Au géomètre borgne, renversant l’espace,
Je dénie le pouvoir de m’imposer sa place.
L’œil trop bien ouvert, installé commodément,
A tout ce qu’il voit pourrait croire aveuglément.

 

Pas… encore

 

Toujours là sont ces marques! dans mon dos présentes,
Longue ligne droite ou de courbes qui serpentent
A l’aspect parfois confus, souvent incertain,
Toujours plus nombreuses aussi, chaque matin.

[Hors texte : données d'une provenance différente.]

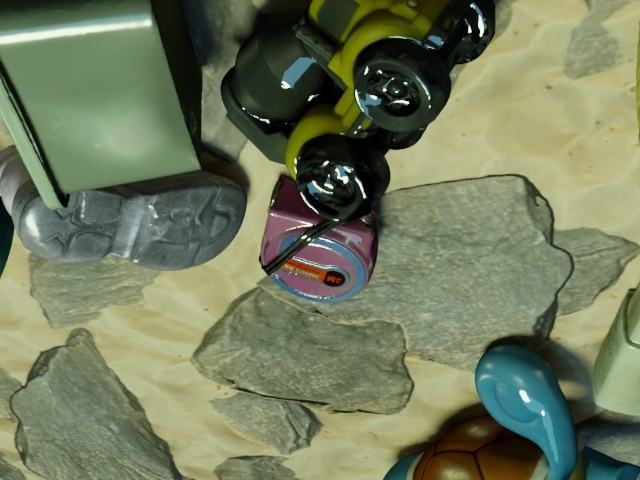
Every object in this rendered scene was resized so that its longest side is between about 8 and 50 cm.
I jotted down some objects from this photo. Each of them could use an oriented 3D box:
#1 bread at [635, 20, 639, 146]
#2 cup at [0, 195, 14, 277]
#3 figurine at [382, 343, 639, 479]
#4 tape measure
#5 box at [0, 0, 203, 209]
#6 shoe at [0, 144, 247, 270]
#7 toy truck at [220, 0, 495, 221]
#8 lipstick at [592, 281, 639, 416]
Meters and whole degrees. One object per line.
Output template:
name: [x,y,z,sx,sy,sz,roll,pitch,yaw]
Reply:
bread: [0.364,-0.094,0.914,0.240,0.178,0.135,22,144,-16]
cup: [-0.485,-0.031,1.167,0.242,0.308,0.292,-45,125,11]
figurine: [0.214,0.306,1.485,0.243,0.298,0.416,42,142,11]
tape measure: [0.000,0.000,1.212,0.118,0.074,0.125,17,140,-3]
box: [-0.175,-0.149,0.970,0.135,0.163,0.243,-6,143,5]
shoe: [-0.190,-0.043,1.166,0.245,0.137,0.095,0,122,-38]
toy truck: [0.021,-0.138,0.969,0.165,0.147,0.224,36,139,0]
lipstick: [0.345,0.086,1.261,0.077,0.079,0.253,10,144,4]
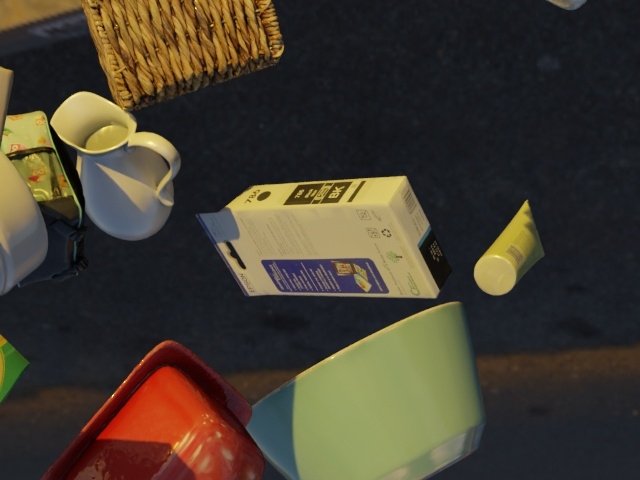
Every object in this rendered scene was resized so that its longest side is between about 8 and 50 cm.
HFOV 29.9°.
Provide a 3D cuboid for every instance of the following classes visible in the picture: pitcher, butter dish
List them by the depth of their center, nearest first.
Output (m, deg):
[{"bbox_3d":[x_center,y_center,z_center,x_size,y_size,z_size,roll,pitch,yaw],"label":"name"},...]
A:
[{"bbox_3d":[-0.103,0.181,0.893,0.118,0.160,0.160,33,169,37],"label":"butter dish"},{"bbox_3d":[-0.247,-0.085,1.583,0.178,0.125,0.207,21,150,24],"label":"pitcher"}]

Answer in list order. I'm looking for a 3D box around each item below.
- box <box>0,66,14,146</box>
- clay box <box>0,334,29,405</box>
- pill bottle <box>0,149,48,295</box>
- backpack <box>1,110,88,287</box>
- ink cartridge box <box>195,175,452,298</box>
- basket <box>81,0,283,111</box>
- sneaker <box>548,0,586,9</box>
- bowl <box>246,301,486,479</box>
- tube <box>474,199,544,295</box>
[{"bbox_3d":[-0.341,0.006,0.900,0.148,0.311,0.121,6,-171,-34],"label":"box"},{"bbox_3d":[-0.265,0.143,0.650,0.127,0.222,0.053,-17,124,42],"label":"clay box"},{"bbox_3d":[-0.461,0.056,1.108,0.224,0.392,0.224,28,139,27],"label":"pill bottle"},{"bbox_3d":[-0.357,-0.056,1.421,0.144,0.188,0.166,-8,147,-14],"label":"backpack"},{"bbox_3d":[0.000,0.000,1.612,0.333,0.065,0.165,-1,131,37],"label":"ink cartridge box"},{"bbox_3d":[-0.200,-0.336,1.520,0.223,0.299,0.213,-21,-166,-9],"label":"basket"},{"bbox_3d":[0.224,-0.335,1.204,0.121,0.217,0.079,-38,154,-6],"label":"sneaker"},{"bbox_3d":[0.072,0.217,1.419,0.311,0.163,0.311,-28,168,-7],"label":"bowl"},{"bbox_3d":[0.288,0.016,1.761,0.062,0.240,0.070,28,117,14],"label":"tube"}]
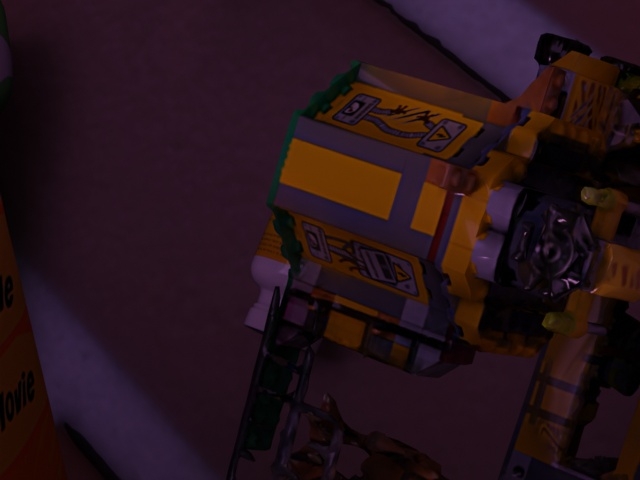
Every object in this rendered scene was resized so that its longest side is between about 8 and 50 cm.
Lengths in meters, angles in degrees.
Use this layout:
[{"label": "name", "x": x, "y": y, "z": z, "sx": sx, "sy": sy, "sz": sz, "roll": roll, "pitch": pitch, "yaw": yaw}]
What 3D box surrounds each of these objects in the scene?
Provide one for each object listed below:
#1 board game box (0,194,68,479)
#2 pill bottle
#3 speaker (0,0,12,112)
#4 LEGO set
[{"label": "board game box", "x": -0.266, "y": 0.223, "z": 0.482, "sx": 0.356, "sy": 0.356, "sz": 0.356, "roll": -2, "pitch": 27, "yaw": 13}, {"label": "pill bottle", "x": 0.000, "y": 0.000, "z": 0.745, "sx": 0.043, "sy": 0.043, "sz": 0.083, "roll": 18, "pitch": 82, "yaw": 37}, {"label": "speaker", "x": -0.209, "y": 0.027, "z": 0.824, "sx": 0.131, "sy": 0.131, "sz": 0.296, "roll": -7, "pitch": 68, "yaw": 32}, {"label": "LEGO set", "x": 0.090, "y": 0.119, "z": 0.515, "sx": 0.192, "sy": 0.255, "sz": 0.331, "roll": 20, "pitch": 87, "yaw": 37}]
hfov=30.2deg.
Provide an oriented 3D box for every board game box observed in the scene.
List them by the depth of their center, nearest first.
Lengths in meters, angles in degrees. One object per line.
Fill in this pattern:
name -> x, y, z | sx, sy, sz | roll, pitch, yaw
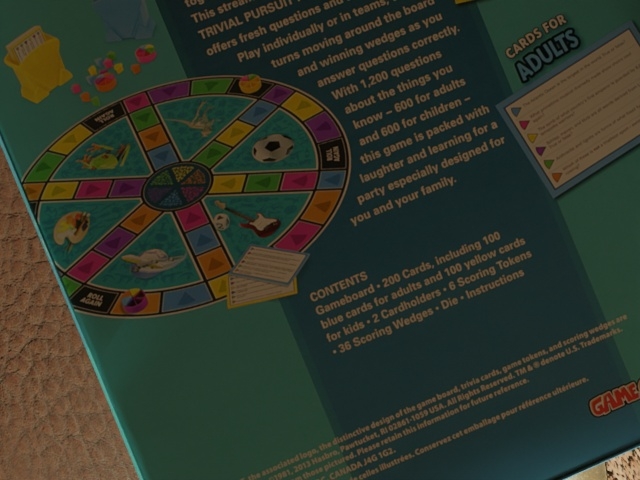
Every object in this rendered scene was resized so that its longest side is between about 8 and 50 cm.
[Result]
board game box -> 0.007, -0.058, 0.467 | 0.079, 0.253, 0.336 | 167, 81, -85

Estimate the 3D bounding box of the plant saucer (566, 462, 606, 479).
plant saucer -> 0.150, 0.105, 0.885 | 0.198, 0.036, 0.199 | 158, 90, -84
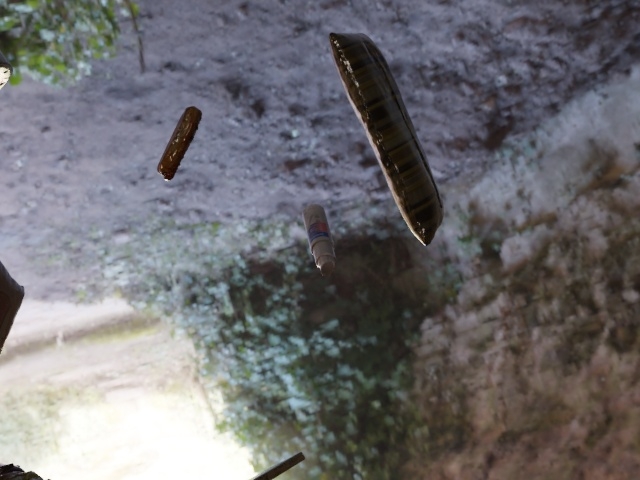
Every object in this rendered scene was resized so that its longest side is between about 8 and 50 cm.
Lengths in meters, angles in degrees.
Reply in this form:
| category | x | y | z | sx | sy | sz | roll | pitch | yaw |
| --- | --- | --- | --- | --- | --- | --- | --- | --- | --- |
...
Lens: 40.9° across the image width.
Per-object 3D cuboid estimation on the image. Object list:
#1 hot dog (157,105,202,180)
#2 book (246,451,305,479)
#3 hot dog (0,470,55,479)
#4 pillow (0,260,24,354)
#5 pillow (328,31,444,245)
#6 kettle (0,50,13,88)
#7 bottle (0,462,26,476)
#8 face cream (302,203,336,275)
| category | x | y | z | sx | sy | sz | roll | pitch | yaw |
| --- | --- | --- | --- | --- | --- | --- | --- | --- | --- |
| hot dog | -0.251 | -0.174 | 1.537 | 0.038 | 0.144 | 0.062 | 26 | 170 | -16 |
| book | -0.184 | 0.490 | 1.621 | 0.216 | 0.021 | 0.310 | -33 | 169 | 26 |
| hot dog | -0.294 | 0.271 | 0.761 | 0.261 | 0.123 | 0.093 | -12 | 151 | 31 |
| pillow | -0.482 | 0.114 | 1.139 | 0.084 | 0.236 | 0.223 | 13 | 151 | 14 |
| pillow | 0.066 | -0.098 | 0.789 | 0.038 | 0.204 | 0.113 | -24 | -174 | 19 |
| kettle | -0.336 | -0.175 | 0.707 | 0.098 | 0.148 | 0.127 | -35 | -177 | -9 |
| bottle | -0.362 | 0.275 | 0.973 | 0.063 | 0.047 | 0.101 | 13 | 161 | -33 |
| face cream | 0.000 | 0.000 | 1.179 | 0.034 | 0.130 | 0.034 | -6 | 128 | -7 |
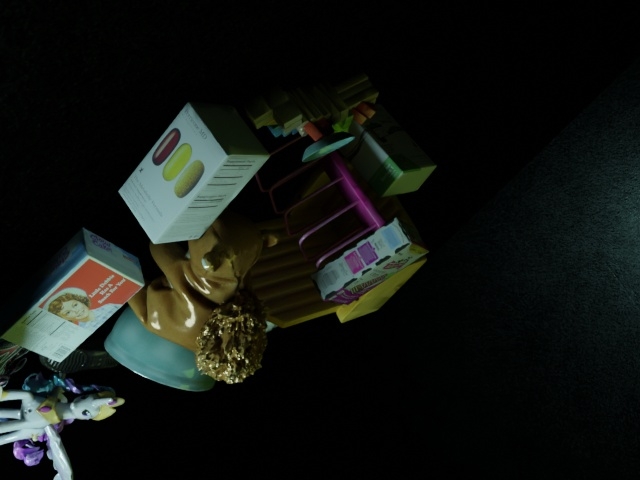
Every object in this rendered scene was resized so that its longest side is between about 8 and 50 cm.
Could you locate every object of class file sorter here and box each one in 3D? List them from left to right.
[{"bbox_3d":[-0.002,-0.077,1.907,0.182,0.291,0.202,-32,163,-6],"label":"file sorter"}]

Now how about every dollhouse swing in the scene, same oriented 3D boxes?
[{"bbox_3d":[0.000,0.000,2.045,0.304,0.347,0.315,-4,145,-42],"label":"dollhouse swing"}]

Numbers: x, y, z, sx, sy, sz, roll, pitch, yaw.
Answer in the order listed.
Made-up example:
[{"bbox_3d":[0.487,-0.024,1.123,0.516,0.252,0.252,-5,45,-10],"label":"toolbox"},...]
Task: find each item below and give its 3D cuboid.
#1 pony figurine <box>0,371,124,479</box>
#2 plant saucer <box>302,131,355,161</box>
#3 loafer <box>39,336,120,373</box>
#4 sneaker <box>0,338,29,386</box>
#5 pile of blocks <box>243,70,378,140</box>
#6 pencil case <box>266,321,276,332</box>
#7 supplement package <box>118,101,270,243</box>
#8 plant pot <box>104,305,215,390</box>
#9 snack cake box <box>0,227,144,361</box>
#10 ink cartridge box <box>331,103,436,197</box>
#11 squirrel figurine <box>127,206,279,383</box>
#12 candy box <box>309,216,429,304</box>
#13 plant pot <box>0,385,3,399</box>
[{"bbox_3d":[-0.685,0.442,2.023,0.363,0.303,0.351,0,155,-27],"label":"pony figurine"},{"bbox_3d":[0.013,-0.195,1.706,0.119,0.021,0.119,-24,179,0],"label":"plant saucer"},{"bbox_3d":[-0.592,0.274,2.052,0.220,0.078,0.080,11,116,-45],"label":"loafer"},{"bbox_3d":[-0.674,0.248,1.763,0.299,0.112,0.121,-28,161,-29],"label":"sneaker"},{"bbox_3d":[-0.007,-0.247,1.739,0.362,0.113,0.149,-18,156,-44],"label":"pile of blocks"},{"bbox_3d":[-0.214,0.229,2.513,0.410,0.160,0.183,-28,-167,-22],"label":"pencil case"},{"bbox_3d":[-0.238,-0.126,1.567,0.244,0.139,0.134,-46,161,27],"label":"supplement package"},{"bbox_3d":[-0.360,0.218,2.075,0.196,0.293,0.293,-65,158,5],"label":"plant pot"},{"bbox_3d":[-0.503,0.113,1.681,0.264,0.089,0.152,-40,133,14],"label":"snack cake box"},{"bbox_3d":[0.138,-0.213,1.937,0.160,0.219,0.093,-15,150,-52],"label":"ink cartridge box"},{"bbox_3d":[-0.209,0.111,1.819,0.281,0.397,0.370,-16,161,-37],"label":"squirrel figurine"},{"bbox_3d":[0.111,0.051,1.848,0.233,0.071,0.159,-35,161,14],"label":"candy box"},{"bbox_3d":[-0.763,0.290,1.533,0.284,0.191,0.284,-41,168,-10],"label":"plant pot"}]
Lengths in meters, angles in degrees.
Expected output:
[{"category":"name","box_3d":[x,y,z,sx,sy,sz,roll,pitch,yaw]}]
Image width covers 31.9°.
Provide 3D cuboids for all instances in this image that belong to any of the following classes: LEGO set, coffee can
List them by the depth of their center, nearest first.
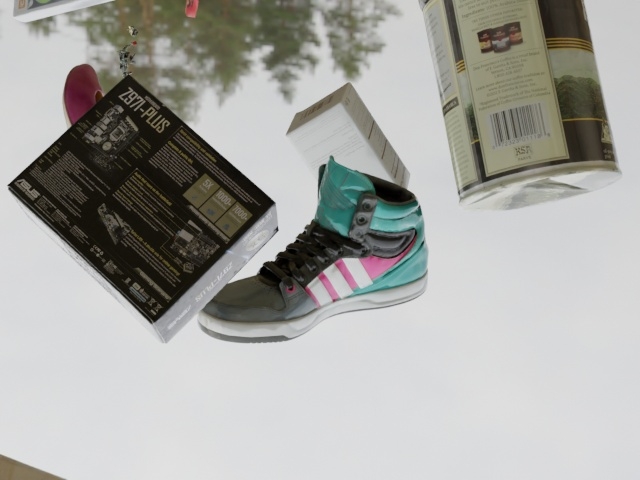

Beaucoup, envahies par la poussière du temps,
Visibles aux seuls rayons du soleil rasant,
Usées par les pluies et les vents de l’oubli,
Sont d’un chemin suivi les vestiges polis.

Aux traîtrises du sol bon nombre ont disputé,
Empreintes balafrées, fracturées, amputées,
Quand d’autres, enfoncées à jamais en son cœur,
Conservent tel un sceau d’anciennes pesanteurs.

Se succèdent ainsi ces reliefs, ces séquelles.
Ces traces que j’ai laissées, que je me rappelle,
Sont mes pas! je le sais, mais toujours m’en étonne.
Qui d’autre alors aurait fait ce parcours? Personne!

Je ne peux pourtant pas les reconnaître tous.
Là et aussi loin que l’exploration me pousse,
Ai-je vraiment le pied à chaque fois posé,
Choisi librement l’endroit, dès lors imposé?

Emboîtant à rebours cette marche forcée,
Impatient, en retour, des sensations passées,
Il semble à leurs contours de moins en moins conforme.
Ce pied à présent déçu, d’hier n’a plus la forme.

Animé aujourd’hui d’un tout nouveau dessein,
Il se lance ici, imprime encor son dessin
Et ne reste déjà plus du moment qui passe,
Derrière moi, de mon dernier pas, qu’une trace.